Start at the line in the entries below that contains "#42 rack shelf (934,439,985,462)", stop at the line that contains "#48 plastic bottle (316,238,330,261)", and output exactly the lines in that span, both ends included.

EXERCISE DATA:
= = =
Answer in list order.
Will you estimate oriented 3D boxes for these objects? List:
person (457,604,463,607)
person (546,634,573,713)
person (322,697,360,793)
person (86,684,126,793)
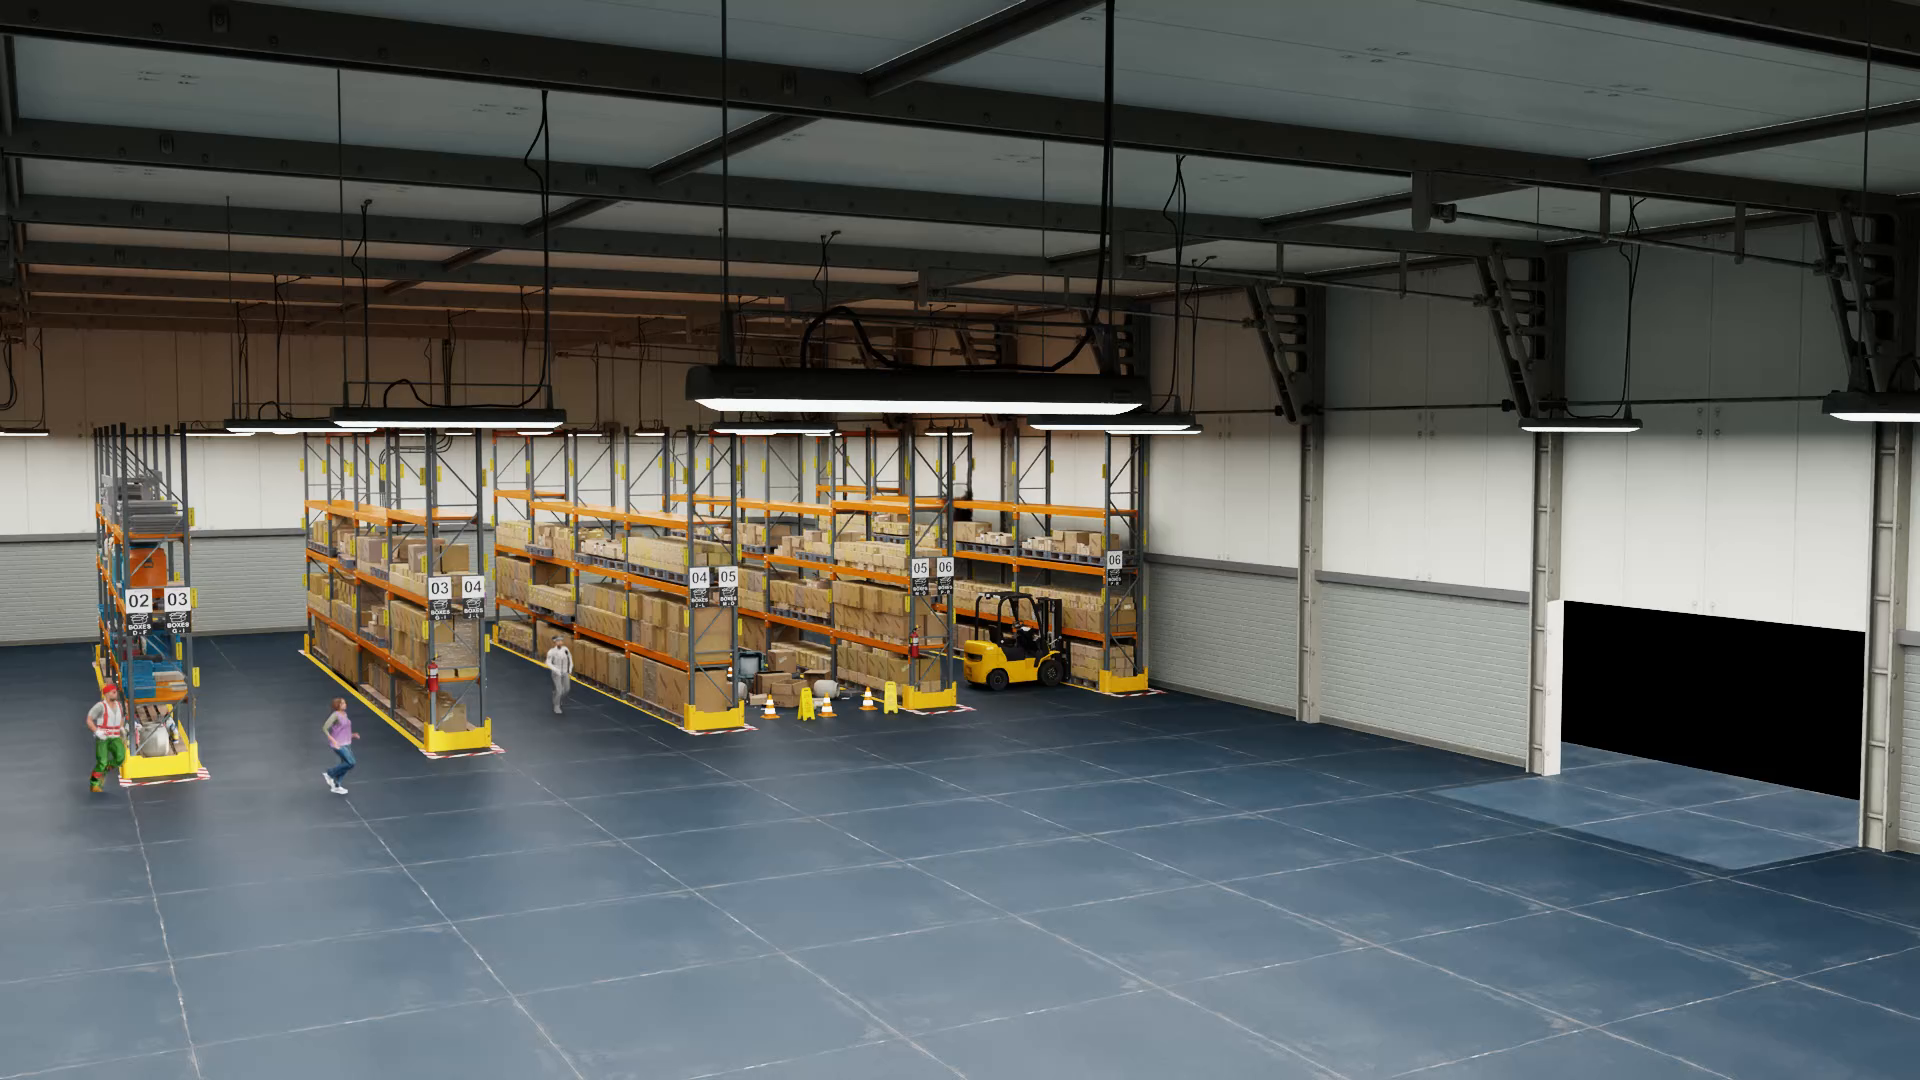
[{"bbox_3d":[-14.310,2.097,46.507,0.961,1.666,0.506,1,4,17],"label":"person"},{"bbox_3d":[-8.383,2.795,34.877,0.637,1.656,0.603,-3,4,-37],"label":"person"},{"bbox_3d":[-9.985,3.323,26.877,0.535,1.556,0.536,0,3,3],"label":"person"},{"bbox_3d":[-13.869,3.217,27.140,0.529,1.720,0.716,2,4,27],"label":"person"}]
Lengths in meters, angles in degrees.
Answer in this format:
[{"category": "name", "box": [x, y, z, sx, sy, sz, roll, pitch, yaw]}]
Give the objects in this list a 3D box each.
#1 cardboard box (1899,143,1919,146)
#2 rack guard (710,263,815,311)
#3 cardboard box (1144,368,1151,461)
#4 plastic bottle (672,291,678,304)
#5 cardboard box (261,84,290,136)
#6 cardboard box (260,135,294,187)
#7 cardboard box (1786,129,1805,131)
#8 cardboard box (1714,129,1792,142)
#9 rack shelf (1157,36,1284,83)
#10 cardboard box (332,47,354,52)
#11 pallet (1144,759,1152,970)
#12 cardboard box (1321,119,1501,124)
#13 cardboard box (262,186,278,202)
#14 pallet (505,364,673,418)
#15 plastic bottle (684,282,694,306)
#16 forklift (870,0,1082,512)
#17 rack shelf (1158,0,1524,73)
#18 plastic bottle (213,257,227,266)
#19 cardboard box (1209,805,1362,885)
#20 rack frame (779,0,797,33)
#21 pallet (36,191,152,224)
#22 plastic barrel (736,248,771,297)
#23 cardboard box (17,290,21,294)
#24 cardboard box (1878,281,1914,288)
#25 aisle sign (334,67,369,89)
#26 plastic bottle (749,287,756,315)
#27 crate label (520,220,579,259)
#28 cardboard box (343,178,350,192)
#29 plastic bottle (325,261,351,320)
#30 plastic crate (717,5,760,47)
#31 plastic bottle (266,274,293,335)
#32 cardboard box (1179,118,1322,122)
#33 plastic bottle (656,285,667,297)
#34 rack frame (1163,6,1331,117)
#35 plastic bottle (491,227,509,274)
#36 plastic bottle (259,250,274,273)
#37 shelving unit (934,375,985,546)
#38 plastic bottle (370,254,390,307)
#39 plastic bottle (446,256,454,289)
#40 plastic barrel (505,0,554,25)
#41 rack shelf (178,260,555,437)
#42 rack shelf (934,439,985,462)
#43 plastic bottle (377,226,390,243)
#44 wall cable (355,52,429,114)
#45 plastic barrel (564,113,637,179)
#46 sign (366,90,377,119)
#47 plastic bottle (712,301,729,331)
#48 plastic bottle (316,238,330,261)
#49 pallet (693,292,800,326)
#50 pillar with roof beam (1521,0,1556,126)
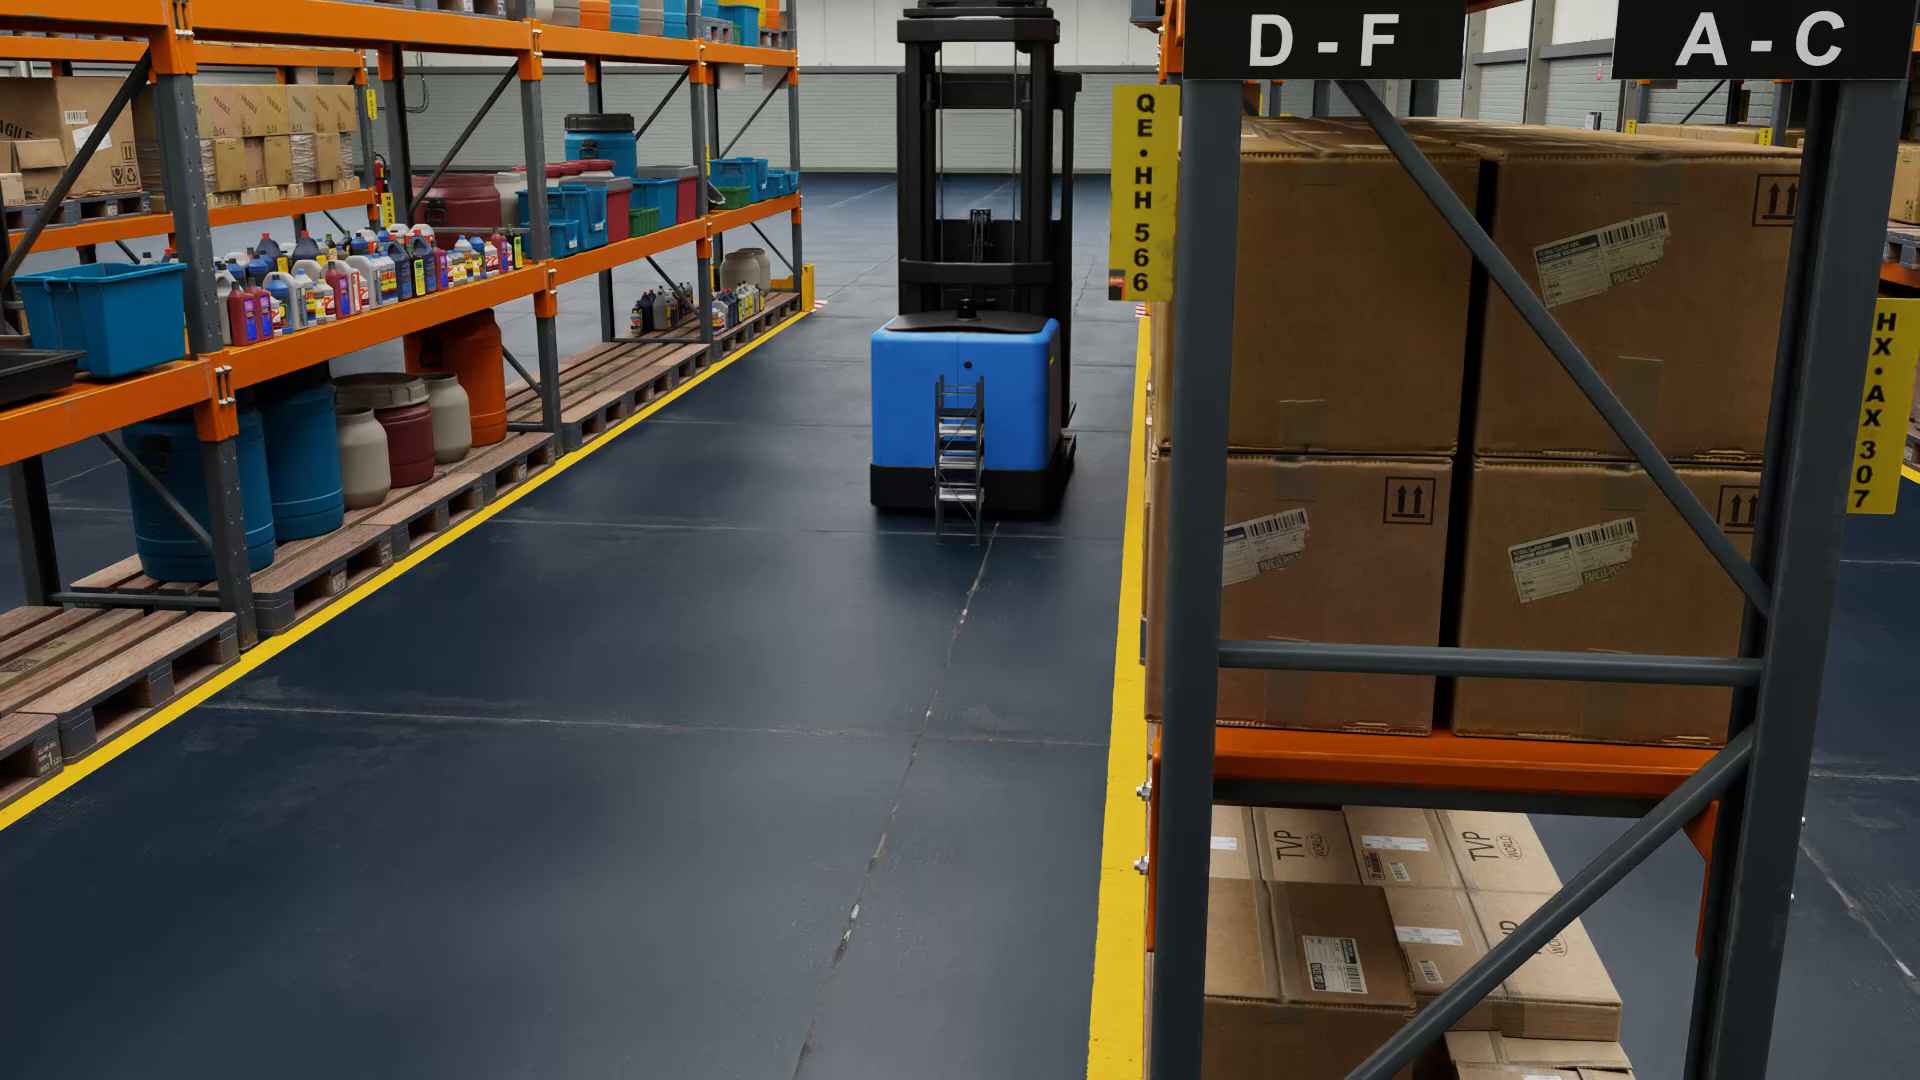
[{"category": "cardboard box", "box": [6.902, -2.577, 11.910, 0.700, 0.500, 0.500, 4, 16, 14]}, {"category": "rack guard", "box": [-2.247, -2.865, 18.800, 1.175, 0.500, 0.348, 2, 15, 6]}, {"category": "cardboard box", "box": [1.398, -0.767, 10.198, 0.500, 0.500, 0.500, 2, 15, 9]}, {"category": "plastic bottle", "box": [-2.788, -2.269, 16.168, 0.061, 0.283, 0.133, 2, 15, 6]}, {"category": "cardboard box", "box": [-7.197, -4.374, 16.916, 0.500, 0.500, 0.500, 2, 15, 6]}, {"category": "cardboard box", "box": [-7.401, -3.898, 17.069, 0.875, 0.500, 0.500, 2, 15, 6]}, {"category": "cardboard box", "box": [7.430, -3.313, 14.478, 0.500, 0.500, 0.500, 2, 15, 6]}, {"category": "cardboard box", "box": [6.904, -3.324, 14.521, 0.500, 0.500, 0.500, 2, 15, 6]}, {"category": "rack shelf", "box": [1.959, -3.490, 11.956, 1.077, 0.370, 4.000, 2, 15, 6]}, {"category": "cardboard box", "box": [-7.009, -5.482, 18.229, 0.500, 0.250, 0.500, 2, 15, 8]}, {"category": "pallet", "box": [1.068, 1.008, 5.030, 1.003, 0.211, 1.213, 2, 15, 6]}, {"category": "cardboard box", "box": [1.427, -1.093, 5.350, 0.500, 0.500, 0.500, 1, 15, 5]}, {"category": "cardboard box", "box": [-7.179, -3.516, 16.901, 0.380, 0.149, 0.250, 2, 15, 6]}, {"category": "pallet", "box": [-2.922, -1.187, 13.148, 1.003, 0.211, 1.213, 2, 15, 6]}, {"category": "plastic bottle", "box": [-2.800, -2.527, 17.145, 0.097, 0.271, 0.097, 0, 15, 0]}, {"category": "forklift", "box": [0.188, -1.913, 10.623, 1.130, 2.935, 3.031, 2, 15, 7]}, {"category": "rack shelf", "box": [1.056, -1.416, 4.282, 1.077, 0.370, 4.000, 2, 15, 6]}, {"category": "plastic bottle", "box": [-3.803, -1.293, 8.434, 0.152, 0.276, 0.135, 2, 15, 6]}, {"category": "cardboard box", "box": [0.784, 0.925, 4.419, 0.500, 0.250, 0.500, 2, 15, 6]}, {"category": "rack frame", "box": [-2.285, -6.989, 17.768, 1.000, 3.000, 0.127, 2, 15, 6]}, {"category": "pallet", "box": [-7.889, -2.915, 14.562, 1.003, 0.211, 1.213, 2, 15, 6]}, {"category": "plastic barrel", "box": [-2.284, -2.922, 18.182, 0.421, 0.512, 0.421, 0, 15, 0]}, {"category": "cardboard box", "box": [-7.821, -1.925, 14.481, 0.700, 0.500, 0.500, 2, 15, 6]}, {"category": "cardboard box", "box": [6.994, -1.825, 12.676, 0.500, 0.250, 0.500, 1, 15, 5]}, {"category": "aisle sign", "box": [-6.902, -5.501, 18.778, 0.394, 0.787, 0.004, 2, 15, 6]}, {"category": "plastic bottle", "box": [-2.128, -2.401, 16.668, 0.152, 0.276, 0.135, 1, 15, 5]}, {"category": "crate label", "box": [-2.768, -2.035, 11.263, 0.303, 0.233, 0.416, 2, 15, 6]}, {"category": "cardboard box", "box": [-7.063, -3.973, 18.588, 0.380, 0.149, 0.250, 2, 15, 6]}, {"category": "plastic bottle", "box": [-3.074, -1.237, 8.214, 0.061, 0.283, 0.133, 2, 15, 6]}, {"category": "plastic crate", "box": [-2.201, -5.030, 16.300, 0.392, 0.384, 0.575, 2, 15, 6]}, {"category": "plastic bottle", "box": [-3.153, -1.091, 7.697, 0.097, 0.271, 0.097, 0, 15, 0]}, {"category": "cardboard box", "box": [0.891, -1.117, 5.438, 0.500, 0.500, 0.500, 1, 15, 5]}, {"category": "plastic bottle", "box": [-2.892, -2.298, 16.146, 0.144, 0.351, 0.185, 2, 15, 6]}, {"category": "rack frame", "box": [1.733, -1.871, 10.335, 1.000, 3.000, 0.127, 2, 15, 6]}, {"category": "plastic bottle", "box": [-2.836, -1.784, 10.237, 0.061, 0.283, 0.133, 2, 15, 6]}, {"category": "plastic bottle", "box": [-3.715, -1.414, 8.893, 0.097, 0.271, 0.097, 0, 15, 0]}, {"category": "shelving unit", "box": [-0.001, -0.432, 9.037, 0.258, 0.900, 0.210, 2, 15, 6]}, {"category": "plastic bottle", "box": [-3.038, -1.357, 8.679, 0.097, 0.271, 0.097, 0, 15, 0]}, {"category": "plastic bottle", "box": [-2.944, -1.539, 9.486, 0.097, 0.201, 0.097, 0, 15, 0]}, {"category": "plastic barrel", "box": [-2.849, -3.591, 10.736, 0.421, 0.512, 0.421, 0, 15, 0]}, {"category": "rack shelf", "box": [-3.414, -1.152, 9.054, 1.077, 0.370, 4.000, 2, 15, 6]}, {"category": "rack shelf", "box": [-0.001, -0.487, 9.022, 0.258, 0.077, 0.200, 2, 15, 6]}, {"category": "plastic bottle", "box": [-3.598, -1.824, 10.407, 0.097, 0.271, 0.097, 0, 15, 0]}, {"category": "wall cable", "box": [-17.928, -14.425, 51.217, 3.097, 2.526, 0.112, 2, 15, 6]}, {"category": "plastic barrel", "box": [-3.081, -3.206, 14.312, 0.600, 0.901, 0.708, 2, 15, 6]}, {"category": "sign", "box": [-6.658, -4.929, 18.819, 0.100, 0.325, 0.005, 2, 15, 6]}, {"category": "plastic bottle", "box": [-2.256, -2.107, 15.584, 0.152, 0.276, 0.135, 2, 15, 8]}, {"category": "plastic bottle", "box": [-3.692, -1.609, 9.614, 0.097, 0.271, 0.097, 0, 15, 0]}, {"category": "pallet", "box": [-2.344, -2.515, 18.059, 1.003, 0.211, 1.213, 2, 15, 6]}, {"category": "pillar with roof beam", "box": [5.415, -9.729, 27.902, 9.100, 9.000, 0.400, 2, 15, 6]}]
= = =
COMPLETED TASK:
#42 rack shelf (934,439,985,462)
#43 plastic bottle (377,226,390,243)
#44 wall cable (355,52,429,114)
#45 plastic barrel (564,113,637,179)
#46 sign (366,90,377,119)
#47 plastic bottle (712,301,729,331)
#48 plastic bottle (316,238,330,261)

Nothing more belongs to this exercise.